Several techniques has been tested within the centralized join trajectory design unit. As the unit collects and modifies 5 seconds of each vehicle trajectory sampled each 0.33 seconds, the different control actions taken in each point for each vehicle makes the exhaustive optimal search techniques useless, even with only 2 vehicles. So other non-complete optimal search techniques has been used. The particle swarm optimization (pso) method has been chosen because 2 decisive factors. First, the human a priori knowledge of how to solve this situations can be used to set a good initial particle population. And, secondly, the pso convergence speed guarantees good results in the given frame time.

In order to create the centralized join trajectory design unit, two modules has been added to the control software of each vehicle. One of them collects the state of the vehicle and its trajectory, and send them to the unit. And the second receive the new trajectory from the unit and overrides the current trajectory of the vehicle with the new one. These two modules, in combination with the vehicle control program that is able to be used in simulation, makes possible to run multiple iterations of the simulation and test different coordination algorithms. These modules create an excellent testing ground for further coordination tests.

The collaboration between the host center and other european research centers has been increased. Four different spanish research centers have sent PhD students to the KIT in this two year period, and is expected that this cooperation will continue in the future. Also, european projects has been asked for in cooperation with other european research centers. In the CAVE-UP project proposal in 2013, a method to automatically collect high precision digital maps to make easier the autonomous driving was proposed. And taking adventage of the needed infraestructure, a method of autonomous vehicle coordination using the idea of a centralized join trajectory design unit was also included. The proposal do not succeed, but a new proposal has been prepared for 2015.

The researcher has got the opportunity to learn how the experimentation vehicles of the KIT work, to extend his knowledge in several autonomous vehicles related areas, to learn the KIT work methodology, and to learn the proper tools to manage large research groups. The experience has also allow the researcher to be better known in this field and to meet people from the automotive industry and other research centers.

3. Conclusions
An exhaustive method to explore all the possible combinations is unfeasible. Alternative methods for the optimal search with a high convergence speed should be used. The PSO method has proved to be very conviniant for this situation. The time increase of the PSO method once the search dimensions are increased is lineal, so the extension of this method to control more vehicles is easier than other methods like the graph based search methods.

4. Potential impact and use
The project can reduce the waiting time, and increase the flow of vehicles at intersections, roundabouts or similar situations. And also increases the safety by ensuring a minimum distance between the different vehicles who are controlled by the system. It can be applied directly to highly robotized areas like some industrial areas. But, to bring the research to practice in specific areas of a city, a larger project would be required.
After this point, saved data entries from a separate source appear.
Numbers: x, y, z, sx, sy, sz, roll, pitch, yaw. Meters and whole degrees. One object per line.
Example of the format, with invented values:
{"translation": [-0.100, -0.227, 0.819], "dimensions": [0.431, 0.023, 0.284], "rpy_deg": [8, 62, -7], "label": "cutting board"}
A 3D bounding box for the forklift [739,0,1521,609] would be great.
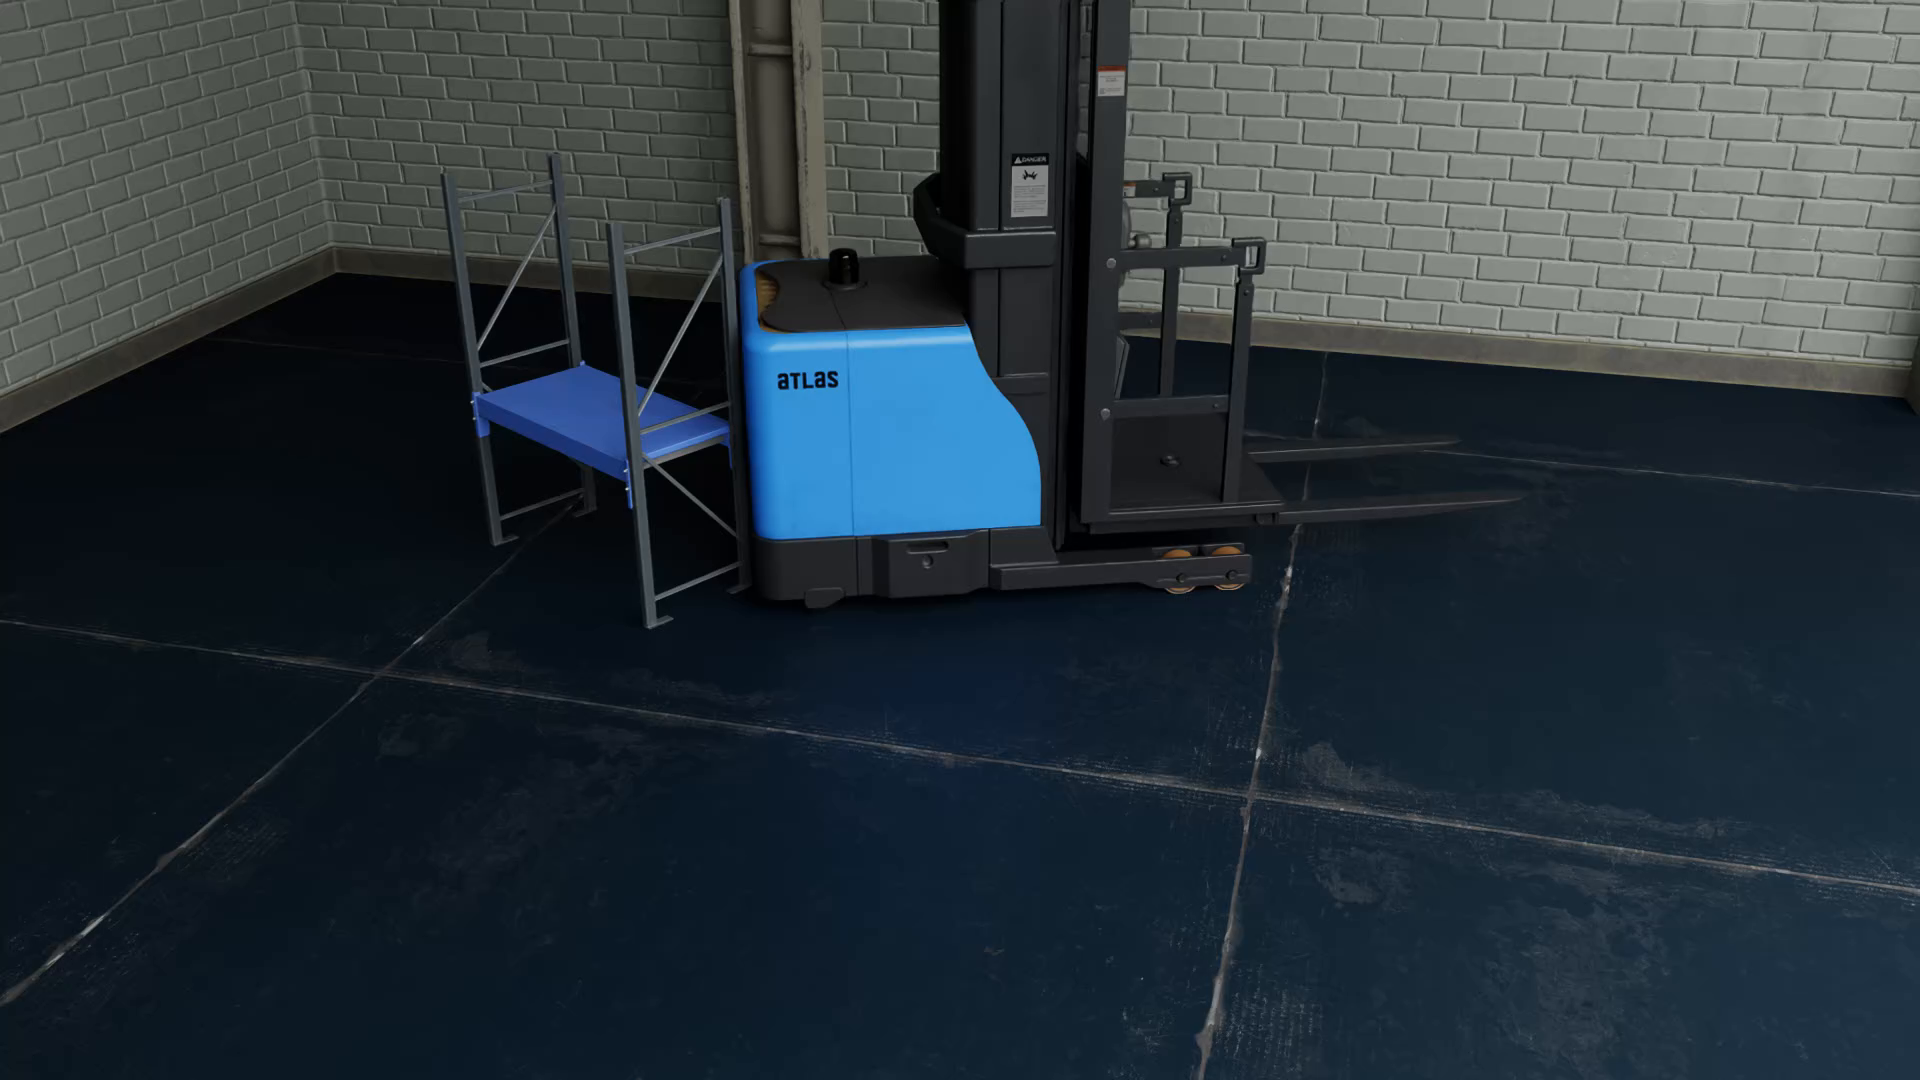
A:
{"translation": [0.677, -1.340, 6.155], "dimensions": [3.031, 2.935, 1.130], "rpy_deg": [-3, 26, -7], "label": "forklift"}

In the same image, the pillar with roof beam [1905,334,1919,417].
{"translation": [3.768, -2.905, 2.382], "dimensions": [0.400, 9.000, 9.100], "rpy_deg": [6, 26, 13], "label": "pillar with roof beam"}

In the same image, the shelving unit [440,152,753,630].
{"translation": [-1.346, -0.582, 6.228], "dimensions": [1.048, 1.500, 0.538], "rpy_deg": [22, 33, 38], "label": "shelving unit"}

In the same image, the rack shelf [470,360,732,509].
{"translation": [-1.346, -0.420, 6.305], "dimensions": [1.000, 0.185, 0.538], "rpy_deg": [22, 33, 38], "label": "rack shelf"}

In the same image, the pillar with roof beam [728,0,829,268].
{"translation": [-2.043, -3.547, 3.732], "dimensions": [0.400, 9.000, 9.100], "rpy_deg": [6, 26, 13], "label": "pillar with roof beam"}

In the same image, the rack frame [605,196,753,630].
{"translation": [-0.977, -0.432, 5.912], "dimensions": [0.032, 1.500, 0.500], "rpy_deg": [22, 33, 38], "label": "rack frame"}

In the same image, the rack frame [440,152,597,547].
{"translation": [-1.714, -0.732, 6.544], "dimensions": [0.032, 1.500, 0.500], "rpy_deg": [22, 33, 38], "label": "rack frame"}

5. Socio-economic impact of the project
The implementation of the project would represent significant savings in fuel and travel time, as the vehicles would reduce the time wasted waiting to cross intersections or entering in the roundabouts. Also, as the coordination between the vehicles is done based on its trajectory, wich includes the speed profile for the next seconds, the following vehicle do not need to overreact to the preceeding vehicle, and overreacting means a waste of energy.